Unum asks the Court to reduce these hourly rates by 23% and to reduce the paralegals' rates to $50 to $200 per hour. Def.'s Opp'n Mot. Attorneys' Fees (“Def.'s Opp'n”) 15, ECF No. 64. Unum cites to cases where the rates found to be reasonable, particularly for paralegals, was less. Id. 13-14 & nn. 3-4. It also argues that the Court should disregard much of the evidence Graziano submitted because it is irrelevant or biased. See id. 12-13.
ii. Reasonableness of the Requested Rates
Considering all relevant factors, the Court concludes that the rates are reasonable once a 10% reduction is applied. One of the most important factors that favors finding the rates reasonable is that hundreds of the Firm's clients are willing to pay these rates. The evidence submitted also supports that the Firm and its attorneys specialize in high-stakes ERISA litigation and the Firm is highly regarded in the relevant legal community and by their clients. For example, the Firm's reputation and experience drove a high wage-earner, Edward Chung, to hire the Firm to handle his case brought in this District to recover ERISA long term disability benefits. See Riemer Aff. Ex. G ¶¶ 7-13, ECF No. 58-7. After succeeding on the merits of a bench trial, the Firm requested attorneys' fees, which were granted.

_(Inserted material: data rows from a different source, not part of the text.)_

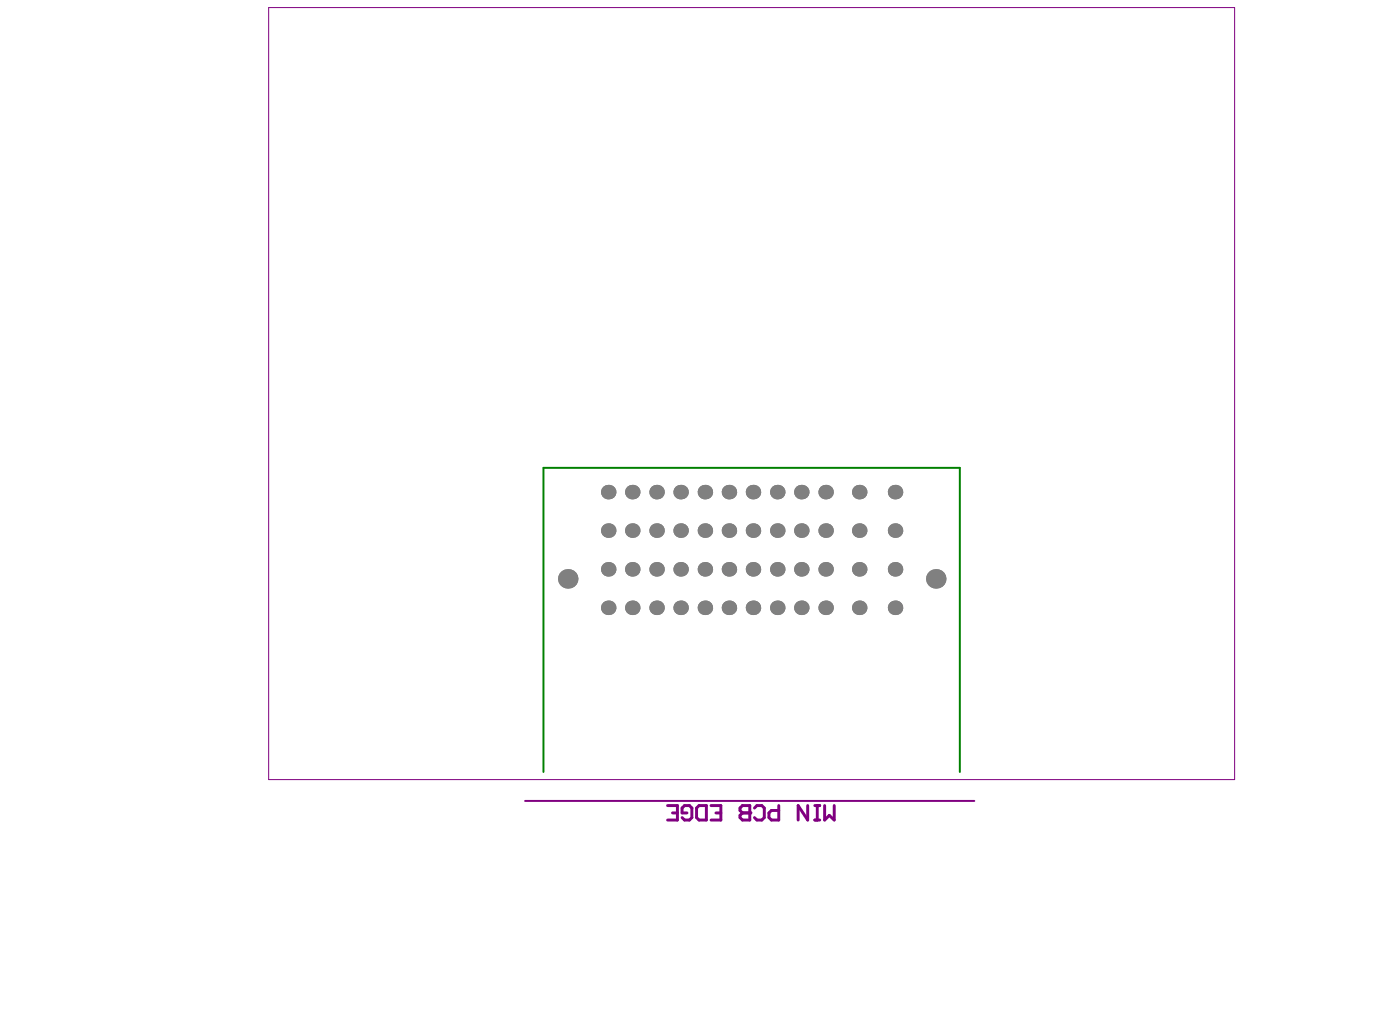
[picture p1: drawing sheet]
<svg xmlns="http://www.w3.org/2000/svg" width="281mm" height="204mm" viewBox="0 0 281 204" stroke-linecap="round" stroke-linejoin="round" font-family="sans-serif">
<path d="M53.9 1.5h193.7v154.8h-193.7z" fill="none" stroke="#800080" stroke-width=".2"/>
<path d="M105.3 160.6h90.1" fill="none" stroke="#800080" stroke-width=".39"/>
<path d="M150.4 163h-1.5l-.5-.5v-.5l.5-.5h1.5v2.9M151.3 162l.5-.5h1l.5 .5v1.9l-.5 .5h-1l-.5-.5M156.2 161.5v2.9h-1.5l-.5-.5v-.9l.5-.5h1.5M162 161.5v2.9l-1.9-2.9v2.9M163.4 164.4h1M163.4 161.5h1M163.9 161.5v2.9M165.4 161.5v2.9l.9-.9 1 .9v-2.9" fill="none" stroke="#800080" stroke-width=".59"/>
<circle cx="150.4" cy="163" r=".3" fill="#800080"/>
<path d="M133.9 161.5h2v2.9h-2M134.9 163h1M137.8 163h-1v-1l.5-.5h1l.5 .5v1.9l-.5 .5h-1l-.5-.5M139.7 162l.5-.5h1.5v2.9h-1.5l-.5-.5zM142.6 161.5h2v2.9h-2M143.6 163h1M150.4 163h-1.5l-.5 .5v.4l.5 .5h1.5" fill="none" stroke="#800080" stroke-width=".59"/>
<g fill="#808080">
<circle cx="126.8" cy="121.9" r="1.45"/>
<circle cx="126.8" cy="106.4" r="1.45"/>
<circle cx="146.2" cy="121.9" r="1.45"/>
<circle cx="146.2" cy="106.4" r="1.45"/>
<circle cx="126.8" cy="114.1" r="1.45"/>
<circle cx="126.8" cy="98.7" r="1.45"/>
<circle cx="146.2" cy="114.1" r="1.45"/>
<circle cx="146.2" cy="98.7" r="1.45"/>
<circle cx="122" cy="121.9" r="1.45"/>
<circle cx="122" cy="106.4" r="1.45"/>
<circle cx="136.5" cy="121.9" r="1.45"/>
<circle cx="141.4" cy="121.9" r="1.45"/>
<circle cx="141.4" cy="106.4" r="1.45"/>
<circle cx="136.5" cy="106.4" r="1.45"/>
<circle cx="151" cy="121.9" r="1.45"/>
<circle cx="155.9" cy="121.9" r="1.45"/>
<circle cx="155.9" cy="106.4" r="1.45"/>
<circle cx="151" cy="106.4" r="1.45"/>
<circle cx="165.6" cy="121.9" r="1.45"/>
<circle cx="172.3" cy="121.9" r="1.45"/>
<circle cx="165.6" cy="106.4" r="1.45"/>
<circle cx="172.3" cy="106.4" r="1.45"/>
<circle cx="187.7" cy="116.1" r="1.94"/>
<circle cx="122" cy="114.1" r="1.45"/>
<circle cx="122" cy="98.7" r="1.45"/>
<circle cx="141.4" cy="114.1" r="1.45"/>
<circle cx="136.5" cy="114.1" r="1.45"/>
<circle cx="141.4" cy="98.7" r="1.45"/>
<circle cx="136.5" cy="98.7" r="1.45"/>
<circle cx="155.9" cy="114.1" r="1.45"/>
<circle cx="151" cy="114.1" r="1.45"/>
<circle cx="155.9" cy="98.7" r="1.45"/>
<circle cx="151" cy="98.7" r="1.45"/>
<circle cx="165.6" cy="114.1" r="1.45"/>
<circle cx="172.3" cy="114.1" r="1.45"/>
<circle cx="165.6" cy="98.7" r="1.45"/>
<circle cx="172.3" cy="98.7" r="1.45"/>
<circle cx="113.9" cy="116.1" r="1.94"/>
<circle cx="131.7" cy="121.9" r="1.45"/>
<circle cx="131.7" cy="106.4" r="1.45"/>
<circle cx="160.7" cy="121.9" r="1.45"/>
<circle cx="179.5" cy="121.9" r="1.45"/>
<circle cx="160.7" cy="106.4" r="1.45"/>
<circle cx="179.5" cy="106.4" r="1.45"/>
<circle cx="131.7" cy="114.1" r="1.45"/>
<circle cx="131.7" cy="98.7" r="1.45"/>
<circle cx="160.7" cy="114.1" r="1.45"/>
<circle cx="179.5" cy="114.1" r="1.45"/>
<circle cx="160.7" cy="98.7" r="1.45"/>
<circle cx="179.5" cy="98.7" r="1.45"/>
</g>
<path d="M109 154.8v-61h83.5v61" fill="none" stroke="#008000" stroke-width=".39"/>
</svg>

See Chung v. Provident Life and Cas. Ins. Co., No. 21-CV-09344 (S.D.N.Y. Jan. 4, 2024). The court held that the rates (which were substantially similar to the rates requested for the same attorneys and paralegals) were reasonable. Id. at 2; Letter, ECF No. 69. Another court's recent approval of the Firm's rates is a compelling reason to find them reasonable here. In addition, the attorneys who worked on this case, particularly the partners, have significant experience, not only with ERISA litigation but also practicing in this District.
That said, Unum cites a few cases that give the Court pause in finding the proposed rates reasonable. In Dimopoulou v First Unum Life Insurance Co., a court in this District applied a 10% reduction to the rate requested by an experienced ERISA litigator, partner, and lead counsel. No. 13-CV-07159, 2021 WL 406741, at *4 (S.D.N.Y. Feb. 5, 2021). That partner is one whom Riemer asserts has “commensurate” rates for a New York City firm specializing in ERISA litigation with comparable “reputation and experience.” See Riemer Aff. ¶ 24. In addition, as recently as 2019, another court in this District found that hourly rates in ERISA cases ranged from $660 to $450 per hour for experienced partners and $300 to $125 per hour for associates. See Montefiore Med. Ctr. v. Loc. 272 Welfare Fund, No. 09-cv-3096, 2019 WL 4565099, at *6-7 (S.D.N.Y. Sept. 19, 2019) (collecting cases). These awards in similar cases suggest that the proposed rates are unreasonably high.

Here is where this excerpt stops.